Sul bisogno di essere compresi

di Adelina Detcheva

Nella stanza di terapia accadono molte cose. Alcune delle cose che accadono si collocano ad un livello base, implicito, non verbale; altre implicano un livello di complessità a diverso gradiente. 

L’esperienza del paziente di sentirsi compreso e il suo corrispettivo, l’atto di comprendere, da parte del clinico è, senza dubbio, una delle attività più basiche e, contemporaneamente, più complesse tra i vari accadimenti di un colloquio clinico.

Spesso sottovalutato dalla letteratura scientifica, comprendere vuol dire cogliere qualcosa di essenziale del funzionamento del paziente; qualcosa che gli altri (il contesto intorno, gli altri significativi) non sono riusciti a vedere, per i motivi più svariati; spesso, qualcosa che il paziente stesso fa fatica a mettere in una forma psichica, pur spinto dal bisogno profondo e primario di un qualcosa di indefinito. 
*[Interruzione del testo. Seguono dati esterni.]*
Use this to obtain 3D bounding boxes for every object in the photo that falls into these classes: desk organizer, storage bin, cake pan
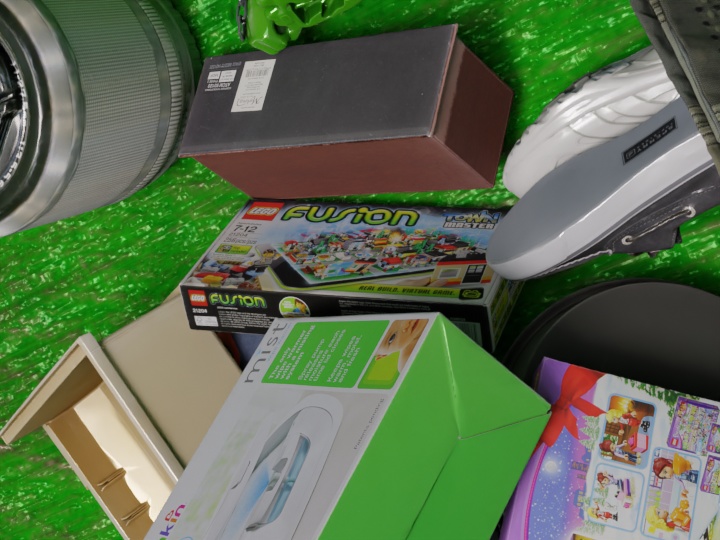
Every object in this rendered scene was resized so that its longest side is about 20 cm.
[{"bbox_3d":[-0.010,-0.092,0.881,0.198,0.077,0.072,0,68,38],"label":"desk organizer"},{"bbox_3d":[-0.130,0.144,0.942,0.201,0.093,0.198,53,139,4],"label":"storage bin"},{"bbox_3d":[0.171,0.094,0.806,0.198,0.037,0.203,1,70,-3],"label":"cake pan"}]

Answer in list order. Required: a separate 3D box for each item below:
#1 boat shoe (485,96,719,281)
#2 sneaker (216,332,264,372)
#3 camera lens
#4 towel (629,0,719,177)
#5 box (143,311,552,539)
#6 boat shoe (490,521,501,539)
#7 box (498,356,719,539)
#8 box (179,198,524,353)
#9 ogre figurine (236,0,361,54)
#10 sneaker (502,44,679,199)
[{"bbox_3d":[0.160,-0.041,0.775,0.199,0.070,0.066,-36,114,27],"label":"boat shoe"},{"bbox_3d":[-0.031,0.108,0.942,0.084,0.075,0.202,-30,83,31],"label":"sneaker"},{"bbox_3d":[-0.206,-0.111,0.891,0.158,0.200,0.162,5,103,21],"label":"camera lens"},{"bbox_3d":[0.239,-0.105,0.695,0.198,0.194,0.035,-3,142,-12],"label":"towel"},{"bbox_3d":[-0.020,0.131,0.756,0.097,0.201,0.176,40,159,-25],"label":"box"},{"bbox_3d":[0.050,0.094,0.907,0.066,0.075,0.200,-30,81,-19],"label":"boat shoe"},{"bbox_3d":[0.139,0.159,0.740,0.135,0.039,0.202,14,70,2],"label":"box"},{"bbox_3d":[0.000,0.000,0.879,0.198,0.110,0.035,3,123,21],"label":"box"},{"bbox_3d":[-0.014,-0.224,0.828,0.097,0.200,0.121,2,61,-13],"label":"ogre figurine"},{"bbox_3d":[0.174,-0.082,0.812,0.199,0.078,0.100,-32,93,26],"label":"sneaker"}]

L’atto di ‘comprendere-essere compresi’ dona l’opportunità della coppia a lavoro nella stanza di terapia di cogliere una totalità dell’esperienza psichica del paziente e non un suo frammento. 

Dotata di queste qualità di essenzialità e globalità, la comprensione psicoanalitica apre alla libera circolazione dell’affettività, a traiettorie di senso in evoluzione, nonché all’ossigenazione di zone psichiche in precedenza sopite ma fondamentali per sentirsi vivi e interi.